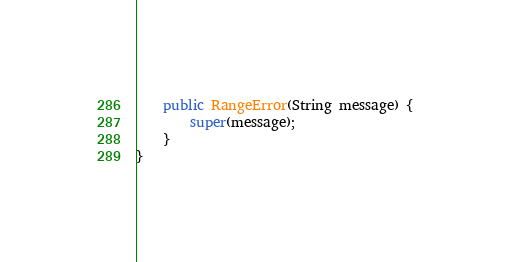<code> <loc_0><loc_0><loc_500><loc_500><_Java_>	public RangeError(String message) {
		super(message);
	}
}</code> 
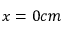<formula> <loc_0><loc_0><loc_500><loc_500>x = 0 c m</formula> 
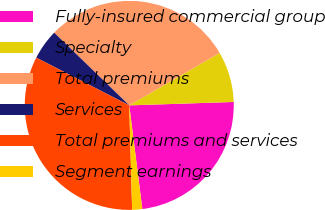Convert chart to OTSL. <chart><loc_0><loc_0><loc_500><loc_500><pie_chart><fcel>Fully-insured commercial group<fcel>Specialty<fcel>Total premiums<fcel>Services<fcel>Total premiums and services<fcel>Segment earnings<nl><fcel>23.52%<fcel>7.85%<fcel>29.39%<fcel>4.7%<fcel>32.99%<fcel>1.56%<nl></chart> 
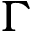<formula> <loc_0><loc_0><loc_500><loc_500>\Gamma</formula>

• Work order:
Replicate the material above verbatim; images stay out of the copy.

• Exercise solution:
<code> <loc_0><loc_0><loc_500><loc_500><_Java_>	public RangeError(String message) {
		super(message);
	}
}</code> 
<formula> <loc_0><loc_0><loc_500><loc_500>x = 0 c m</formula> 
Convert chart to OTSL. <chart><loc_0><loc_0><loc_500><loc_500><pie_chart><fcel>Fully-insured commercial group<fcel>Specialty<fcel>Total premiums<fcel>Services<fcel>Total premiums and services<fcel>Segment earnings<nl><fcel>23.52%<fcel>7.85%<fcel>29.39%<fcel>4.7%<fcel>32.99%<fcel>1.56%<nl></chart> 
<formula> <loc_0><loc_0><loc_500><loc_500>\Gamma</formula>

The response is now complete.